● **Records provided**:
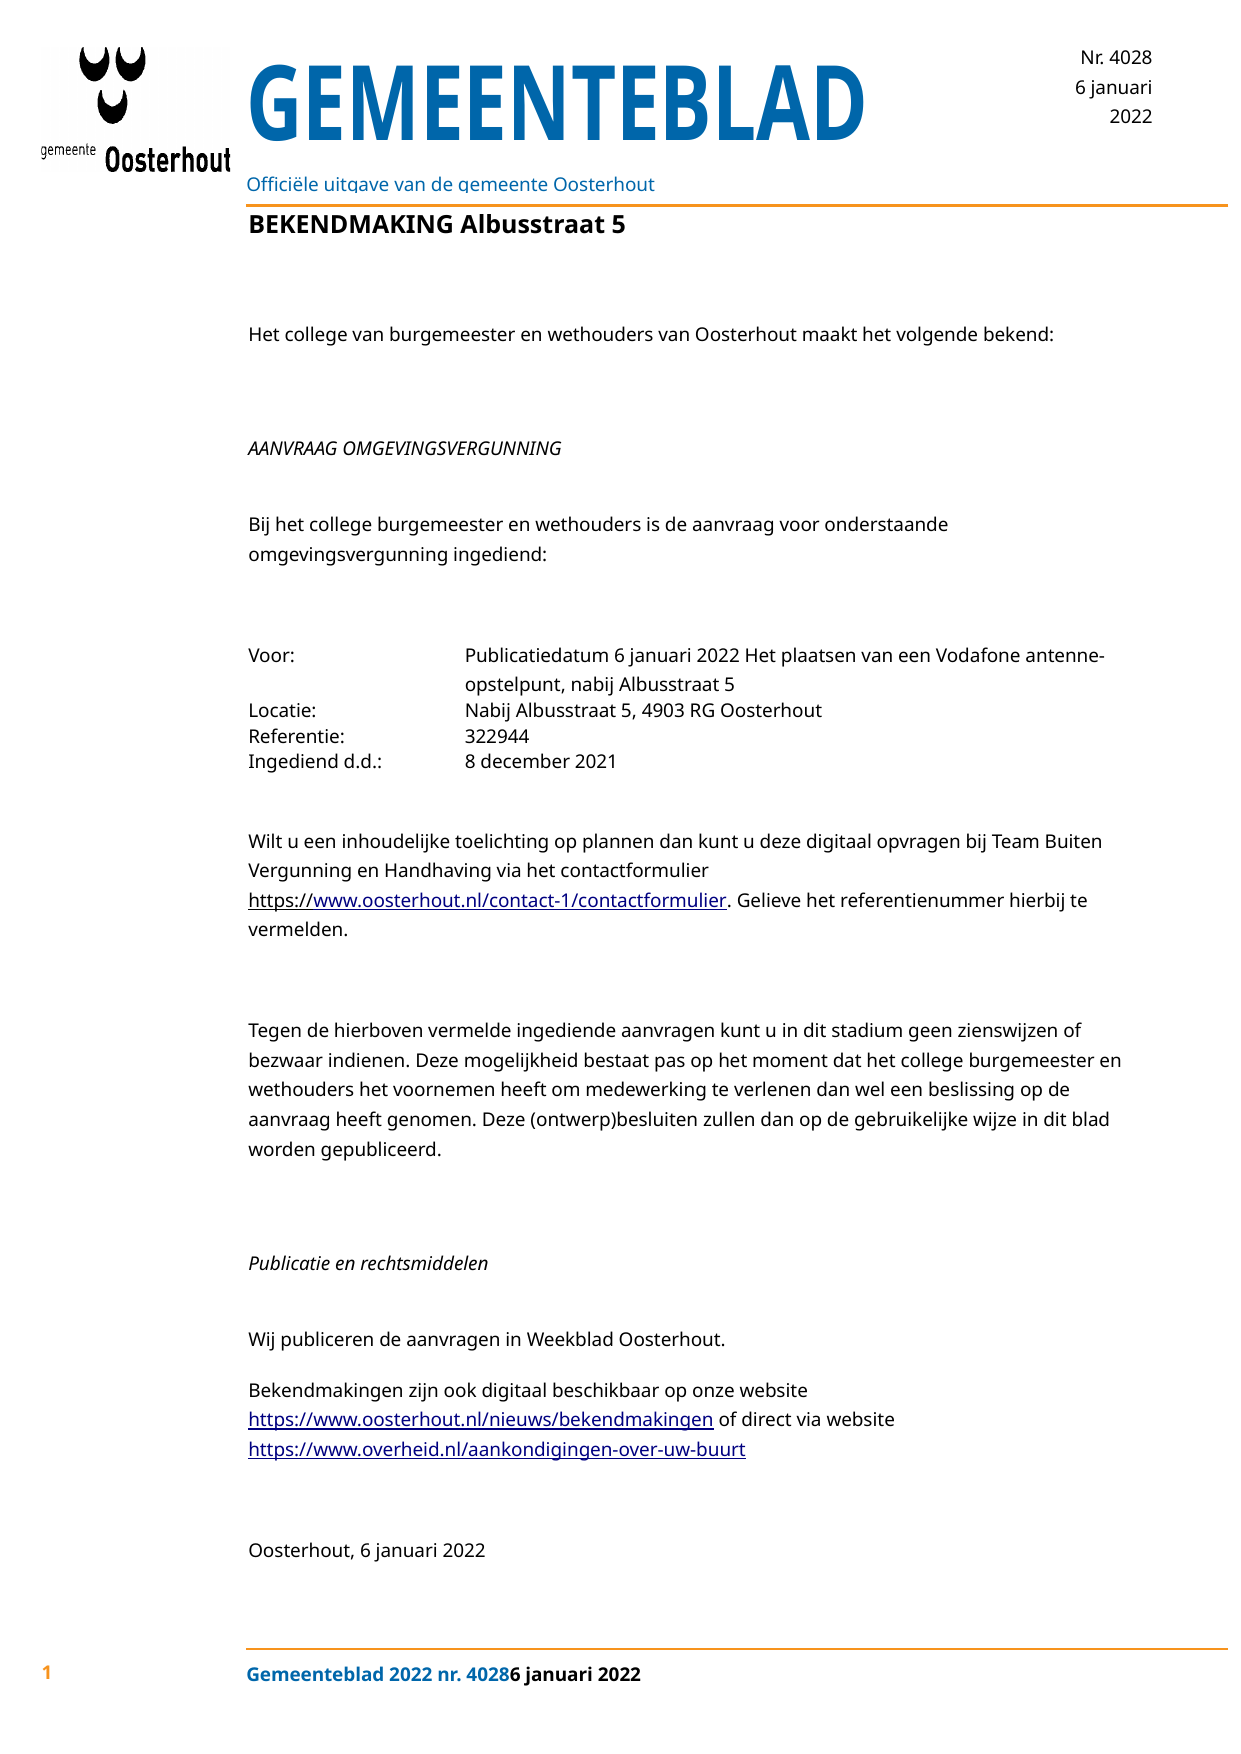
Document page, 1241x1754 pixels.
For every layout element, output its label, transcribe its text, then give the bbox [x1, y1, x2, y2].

table_cell 322944 [465, 723, 1152, 748]
table_cell 8 december 2021 [465, 749, 1152, 774]
text Oosterhout, 6 januari 2022 [248, 1537, 1152, 1562]
text Bij het college burgemeester en wethouders is de aanvraag voor onderstaande omgevingsvergunning ingediend: [248, 511, 1152, 567]
table_header Publicatiedatum 6 januari 2022 Het plaatsen van een Vodafone antenne-opstelpunt, nabij Albusstraat 5 [465, 642, 1152, 697]
text AANVRAAG OMGEVINGSVERGUNNING [248, 435, 1152, 461]
table_cell Referentie: [248, 723, 464, 748]
picture [41, 47, 231, 172]
text BEKENDMAKING Albusstraat 5 [248, 207, 1152, 241]
text Bekendmakingen zijn ook digitaal beschikbaar op onze website https://www.oosterhout.nl/nieuws/bekendmakingen of direct via website https://www.overheid.nl/aankondigingen-over-uw-buurt [248, 1377, 1152, 1462]
text Wij publiceren de aanvragen in Weekblad Oosterhout. [248, 1326, 1152, 1352]
table_cell Ingediend d.d.: [248, 749, 464, 774]
text Het college van burgemeester en wethouders van Oosterhout maakt het volgende bekend: [248, 321, 1152, 346]
table_header Voor: [248, 642, 464, 697]
text Tegen de hierboven vermelde ingediende aanvragen kunt u in dit stadium geen zienswijzen of bezwaar indienen. Deze mogelijkheid bestaat pas op het moment dat het college burgemeester en wethouders het voornemen heeft om medewerking te verlenen dan wel een beslissing op de aanvraag heeft genomen. Deze (ontwerp)besluiten zullen dan op de gebruikelijke wijze in dit blad worden gepubliceerd. [248, 1017, 1152, 1162]
table_cell Nabij Albusstraat 5, 4903 RG Oosterhout [465, 697, 1152, 723]
table_cell Locatie: [248, 697, 464, 723]
text Publicatie en rechtsmiddelen [248, 1250, 1152, 1276]
text Wilt u een inhoudelijke toelichting op plannen dan kunt u deze digitaal opvragen bij Team Buiten Vergunning en Handhaving via het contactformulier https://www.oosterhout.nl/contact-1/contactformulier. Gelieve het referentienummer hierbij te vermelden. [248, 828, 1152, 942]

● **Brief**: Only the lines of the data holding the string "Albusstraat" are wanted; copy each of them.

● **Answer for this exercise**:
table_header Publicatiedatum 6 januari 2022 Het plaatsen van een Vodafone antenne-opstelpunt, nabij Albusstraat 5 [465, 642, 1152, 697]
text BEKENDMAKING Albusstraat 5 [248, 207, 1152, 241]
table_cell Nabij Albusstraat 5, 4903 RG Oosterhout [465, 697, 1152, 723]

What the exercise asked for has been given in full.